In the wake of a series of chemical spills in the United States and a disastrous accident at a chemical plant in Bhopal, India that claimed thousands of lives, Congress 20 years ago passed the Emergency Planning and Community Right to Know Act. Under the Act, industrial facilities every year must report their releases of toxic chemicals into the environment, which the government then makes publicly available through its Toxics Release Inventory program.
The TRI program allows for public scrutiny of specific companies’ polluting practices, which in turn creates a powerful disincentive to pollute. Despite dramatic reductions in toxic releases, however, industry-backed groups have sought to scale back this public disclosure—and found a willing ally in the Bush administration.
The Environmental Protection Agency announced today that it will allow companies to use shorter, less informative reporting forms for small quantities of persistent bio-accumulative toxins that are dangerous even at very low levels, as well as releases of other TRI chemicals up to 2,000 pounds.
The EPA also proposed last year to scrap annual reporting and allow polluting facilities to report releases only every other year. But this idea was recently abandoned under pressure from Sen. Frank Lautenberg (D-NJ) and others.
Rather than scale back public disclosure, we should build on the success of TRI. When TRI was implemented in 1988, it represented a paradigm shift in environmental regulation by recognizing a fundamental public right to know about chemical dangers.
The approach appeals to both conservative economists, who believe that providing more information helps consumers and investors make better informed and more efficient decisions, and environmental advocates, who believe that information disclosure can promote citizen empowerment and create incentives for firms to reduce harmful activities. And it works extremely well. From the first reporting year in 1988 to 2004, releases of toxic chemicals subject to TRI dropped by a remarkable 57 percent, or 1.71 billion pounds (this figure covers those chemicals that have been on the list for this entire period).

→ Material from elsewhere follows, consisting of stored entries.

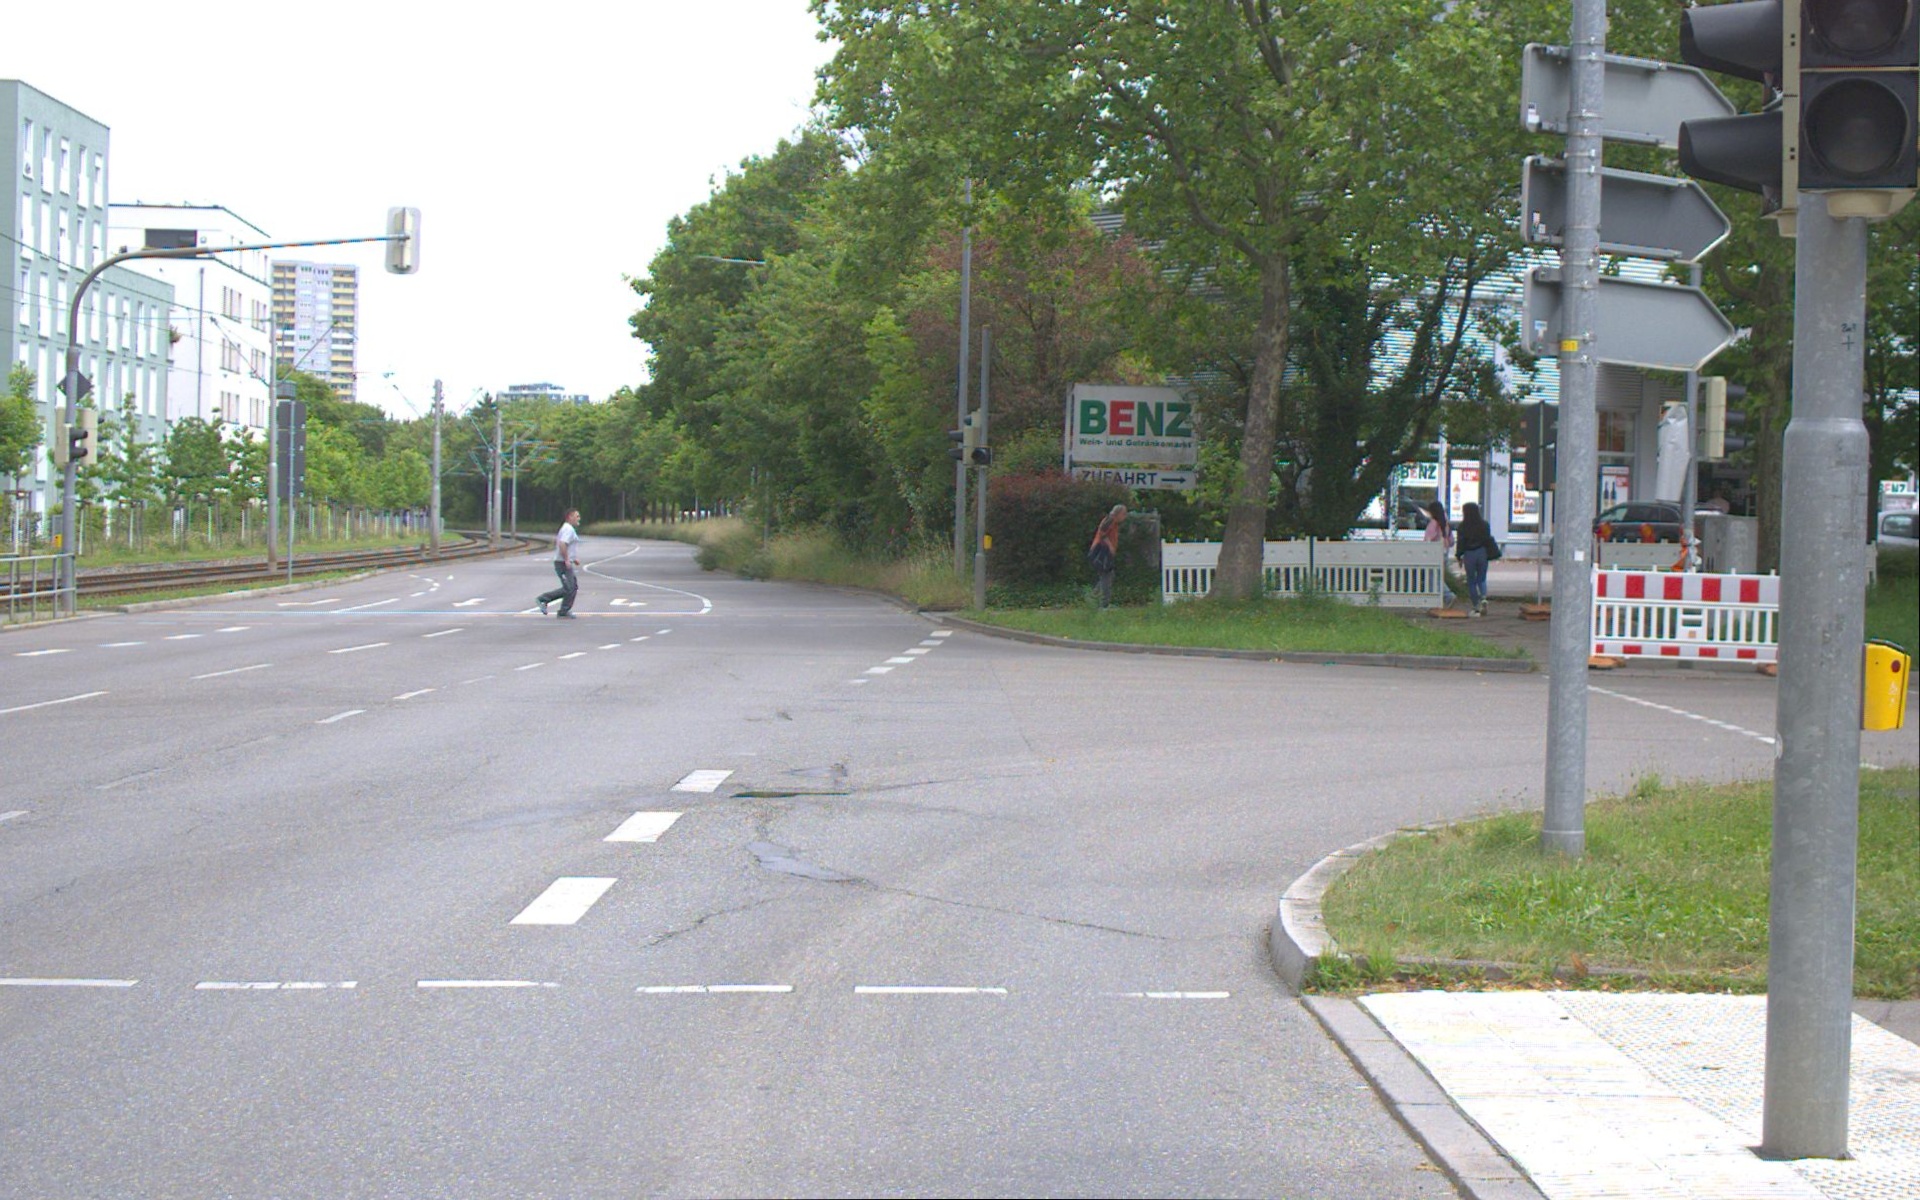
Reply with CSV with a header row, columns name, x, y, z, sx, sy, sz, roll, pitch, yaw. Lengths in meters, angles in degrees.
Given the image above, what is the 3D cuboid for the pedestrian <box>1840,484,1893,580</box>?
name,x,y,z,sx,sy,sz,roll,pitch,yaw
pedestrian,18.972,-1.416,71.932,0.804,1.995,0.853,1,0,-5

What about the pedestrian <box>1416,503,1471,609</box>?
name,x,y,z,sx,sy,sz,roll,pitch,yaw
pedestrian,6.864,-0.619,48.801,0.686,1.484,0.699,1,0,3

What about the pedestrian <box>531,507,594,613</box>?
name,x,y,z,sx,sy,sz,roll,pitch,yaw
pedestrian,-5.986,-0.600,51.827,0.848,1.581,0.796,1,0,-1

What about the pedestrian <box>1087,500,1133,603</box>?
name,x,y,z,sx,sy,sz,roll,pitch,yaw
pedestrian,2.255,-0.725,51.655,0.653,1.533,0.772,1,0,4

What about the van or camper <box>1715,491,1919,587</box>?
name,x,y,z,sx,sy,sz,roll,pitch,yaw
van or camper,15.664,-1.118,61.997,1.840,1.678,4.001,-1,2,-28

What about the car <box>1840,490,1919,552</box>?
name,x,y,z,sx,sy,sz,roll,pitch,yaw
car,21.823,-1.788,78.219,1.480,1.399,3.409,0,1,-31

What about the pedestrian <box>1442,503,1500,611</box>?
name,x,y,z,sx,sy,sz,roll,pitch,yaw
pedestrian,7.116,-0.598,47.906,0.718,1.484,0.699,1,0,4

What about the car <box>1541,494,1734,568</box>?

These reductions are spurred by the simple but powerful fact that companies desire to avoid negative publicity, including publicity regarding their environmental record. Companies report that TRI forced them to examine for the first time the extent of the waste they were producing. The Chemical Manufacturers Association in 1995 labeled TRI “a very successful venture,” noting that its members “have gotten behind it and witnessed a 50 percent reduction in pollution.”
TRI also helps promote democratic decision making, enabling citizens to participate on a more equal footing with regulated entities in permitting, land use, and other political decisions. From 1998 to 2004, over 200 reports were prepared by citizen groups using TRI data.
And TRI is highly cost effective. It imposes minimal costs on industry, since companies simply are required to report their releases. If they opt to reduce releases, it’s their decision how to do so. The EPA, meanwhile, spends less than 0.1 percent of its annual budget administering the program.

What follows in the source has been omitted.